Data excerpts:
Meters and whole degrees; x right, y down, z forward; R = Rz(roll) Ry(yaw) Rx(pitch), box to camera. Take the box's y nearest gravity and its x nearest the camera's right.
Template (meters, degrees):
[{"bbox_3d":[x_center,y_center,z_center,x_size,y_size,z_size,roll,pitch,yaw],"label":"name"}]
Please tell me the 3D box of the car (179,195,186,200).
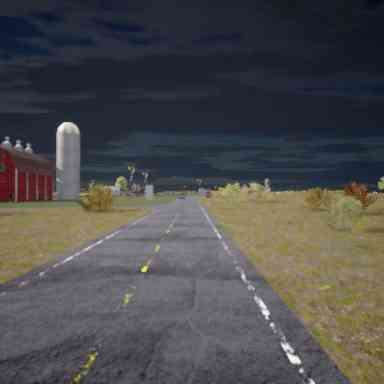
[{"bbox_3d":[-2.749,1.553,95.305,1.994,1.385,4.181,0,0,0],"label":"car"}]
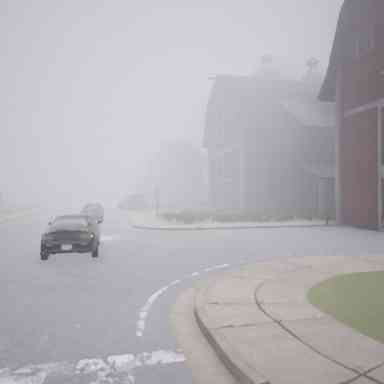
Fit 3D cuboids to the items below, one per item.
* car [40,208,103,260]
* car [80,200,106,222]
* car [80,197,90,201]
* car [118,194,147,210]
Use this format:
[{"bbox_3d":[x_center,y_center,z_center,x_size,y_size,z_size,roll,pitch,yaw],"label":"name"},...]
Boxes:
[{"bbox_3d":[-4.429,1.540,12.507,1.812,1.442,4.674,0,0,-14],"label":"car"},{"bbox_3d":[-8.064,1.633,27.061,2.033,1.411,5.357,0,0,-14],"label":"car"},{"bbox_3d":[-22.289,1.691,69.541,1.994,1.385,4.181,0,0,-14],"label":"car"},{"bbox_3d":[-7.709,1.256,42.809,3.866,1.878,1.905,-2,4,34],"label":"car"}]
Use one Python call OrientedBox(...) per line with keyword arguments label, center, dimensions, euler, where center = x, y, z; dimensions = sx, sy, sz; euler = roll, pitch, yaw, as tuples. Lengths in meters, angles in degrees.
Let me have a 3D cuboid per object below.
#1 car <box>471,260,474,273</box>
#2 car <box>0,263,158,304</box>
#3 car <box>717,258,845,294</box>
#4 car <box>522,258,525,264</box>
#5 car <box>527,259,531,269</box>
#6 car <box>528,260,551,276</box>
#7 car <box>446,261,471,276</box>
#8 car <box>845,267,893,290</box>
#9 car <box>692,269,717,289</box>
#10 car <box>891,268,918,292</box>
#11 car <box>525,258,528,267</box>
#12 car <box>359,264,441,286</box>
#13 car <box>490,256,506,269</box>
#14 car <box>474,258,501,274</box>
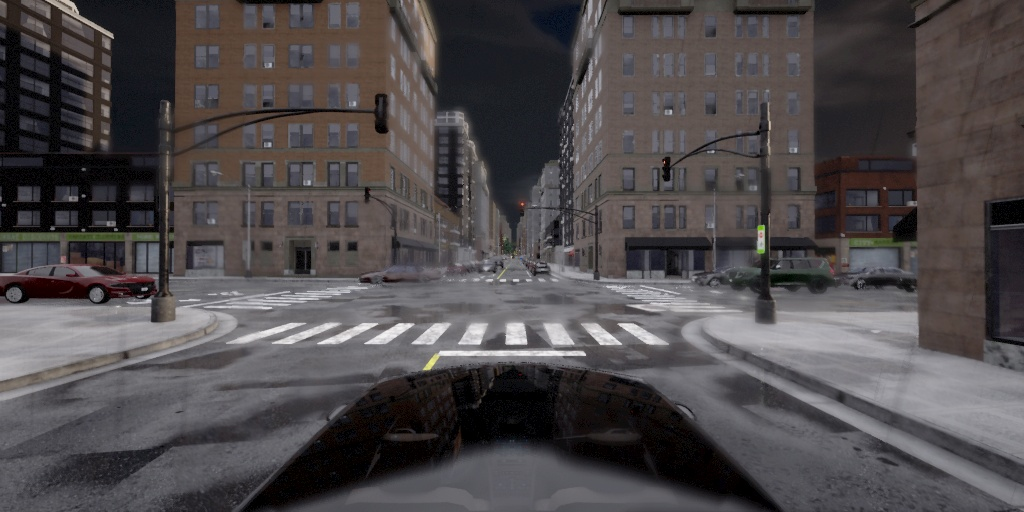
OrientedBox(label="car", center=(-5.491, 1.319, 41.896), dimensions=(1.948, 1.339, 4.313), euler=(0, 0, 1))
OrientedBox(label="car", center=(-17.440, 1.062, 14.552), dimensions=(5.008, 1.535, 1.882), euler=(0, -1, -1))
OrientedBox(label="car", center=(15.615, 1.105, 21.045), dimensions=(5.566, 2.045, 2.150), euler=(0, -1, 0))
OrientedBox(label="car", center=(3.306, 1.315, 63.918), dimensions=(1.948, 1.339, 4.313), euler=(0, 0, 1))
OrientedBox(label="car", center=(3.035, 1.297, 41.796), dimensions=(1.888, 1.381, 4.507), euler=(0, 0, 1))
OrientedBox(label="car", center=(2.967, 1.318, 36.266), dimensions=(1.948, 1.339, 4.313), euler=(0, 0, 1))
OrientedBox(label="car", center=(-5.559, 1.336, 36.367), dimensions=(1.802, 1.307, 4.207), euler=(0, 0, 1))
OrientedBox(label="car", center=(24.230, 1.463, 24.235), dimensions=(4.902, 1.511, 2.128), euler=(0, -1, 0))
OrientedBox(label="car", center=(14.826, 1.401, 24.292), dimensions=(4.902, 1.511, 2.128), euler=(0, -1, 2))
OrientedBox(label="car", center=(25.717, 1.550, 20.979), dimensions=(4.718, 1.301, 1.895), euler=(0, -1, 0))
OrientedBox(label="car", center=(3.102, 1.302, 47.327), dimensions=(2.007, 1.370, 4.403), euler=(0, 0, 1))
OrientedBox(label="car", center=(-7.700, 1.296, 24.946), dimensions=(5.357, 1.411, 2.033), euler=(0, 0, -25))
OrientedBox(label="car", center=(-2.510, 0.975, 58.875), dimensions=(2.150, 2.045, 5.566), euler=(0, 0, 1))
OrientedBox(label="car", center=(-2.744, 1.245, 41.078), dimensions=(2.128, 1.511, 4.902), euler=(0, 0, 1))
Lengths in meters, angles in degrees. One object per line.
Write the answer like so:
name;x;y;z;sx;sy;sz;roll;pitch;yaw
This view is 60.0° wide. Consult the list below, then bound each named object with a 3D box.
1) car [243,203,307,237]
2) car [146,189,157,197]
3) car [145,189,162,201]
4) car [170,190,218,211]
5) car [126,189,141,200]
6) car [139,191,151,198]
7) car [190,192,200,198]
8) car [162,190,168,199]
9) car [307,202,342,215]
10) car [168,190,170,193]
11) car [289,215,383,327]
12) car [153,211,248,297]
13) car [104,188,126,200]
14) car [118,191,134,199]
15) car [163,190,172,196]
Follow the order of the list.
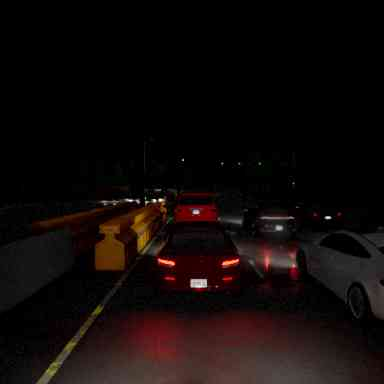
car;3.701;1.274;16.474;2.128;1.511;4.902;0;1;0
car;-9.855;0.177;80.598;2.097;1.767;4.553;0;1;0
car;-6.639;0.710;56.376;1.812;1.442;4.674;0;1;1
car;0.208;0.982;17.961;2.150;2.045;5.566;0;1;0
car;-10.096;0.690;60.305;1.994;1.385;4.181;0;1;1
car;-9.942;0.527;70.380;1.994;1.385;4.181;0;1;0
car;0.649;0.591;69.297;1.895;1.301;4.718;0;1;0
car;-6.517;0.537;65.642;2.128;1.511;4.902;0;1;1
car;7.230;1.298;19.640;1.994;1.385;4.181;0;1;0
car;-6.397;0.251;75.658;2.097;1.767;4.553;0;1;0
car;3.630;1.453;6.766;1.812;1.442;4.674;0;1;0
car;0.142;1.431;8.242;1.812;1.442;4.674;0;1;1
car;-13.628;0.382;58.020;2.150;2.045;5.566;0;1;1
car;-13.461;0.556;68.158;2.033;1.411;5.357;0;1;0
car;-6.307;0.277;86.212;2.033;1.411;5.357;0;1;0
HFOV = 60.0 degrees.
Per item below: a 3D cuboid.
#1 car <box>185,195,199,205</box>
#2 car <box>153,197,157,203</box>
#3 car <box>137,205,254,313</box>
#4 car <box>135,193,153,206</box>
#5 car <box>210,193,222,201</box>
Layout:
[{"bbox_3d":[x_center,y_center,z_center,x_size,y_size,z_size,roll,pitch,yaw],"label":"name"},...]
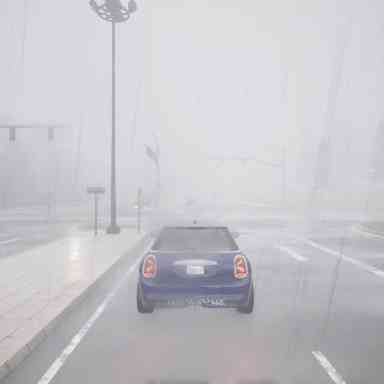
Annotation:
[{"bbox_3d":[-0.157,1.525,54.623,1.812,1.442,4.674,0,0,-1],"label":"car"},{"bbox_3d":[-8.363,1.547,65.596,2.033,1.411,5.357,0,0,0],"label":"car"},{"bbox_3d":[0.072,1.352,7.803,2.097,1.767,4.553,0,0,0],"label":"car"},{"bbox_3d":[-8.265,1.352,55.982,2.097,1.767,4.553,0,0,-1],"label":"car"},{"bbox_3d":[6.363,1.214,84.913,2.150,2.045,5.566,0,0,-1],"label":"car"}]
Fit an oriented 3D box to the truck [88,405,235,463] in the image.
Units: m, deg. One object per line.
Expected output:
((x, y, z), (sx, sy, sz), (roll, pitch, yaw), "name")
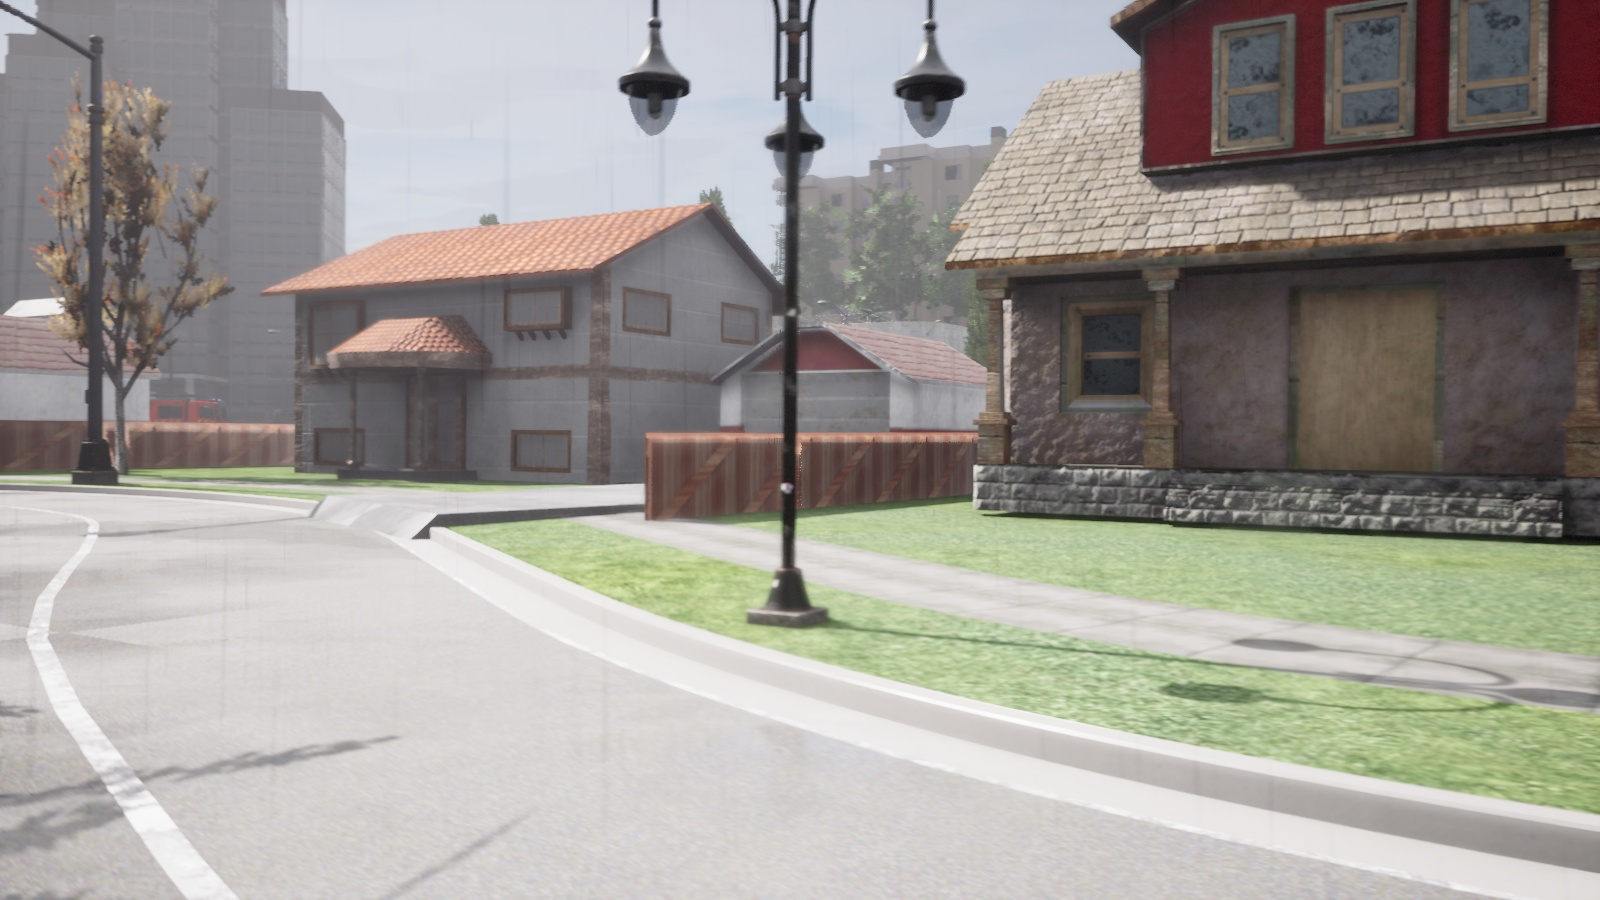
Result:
((-43.654, -1.132, 86.100), (8.468, 3.827, 2.891), (-1, 1, -11), "truck")

Action item:
Your answer should be the lines above that contain the word "below", copied out.

Output of the task:
Fit 3D cuboids to the items below, one per item.
Let me have a 3D cuboid per object below.
This view is 60.0° wide. Consult the list below, then bound each named object with a 3D box.
Per item below: a 3D cuboid.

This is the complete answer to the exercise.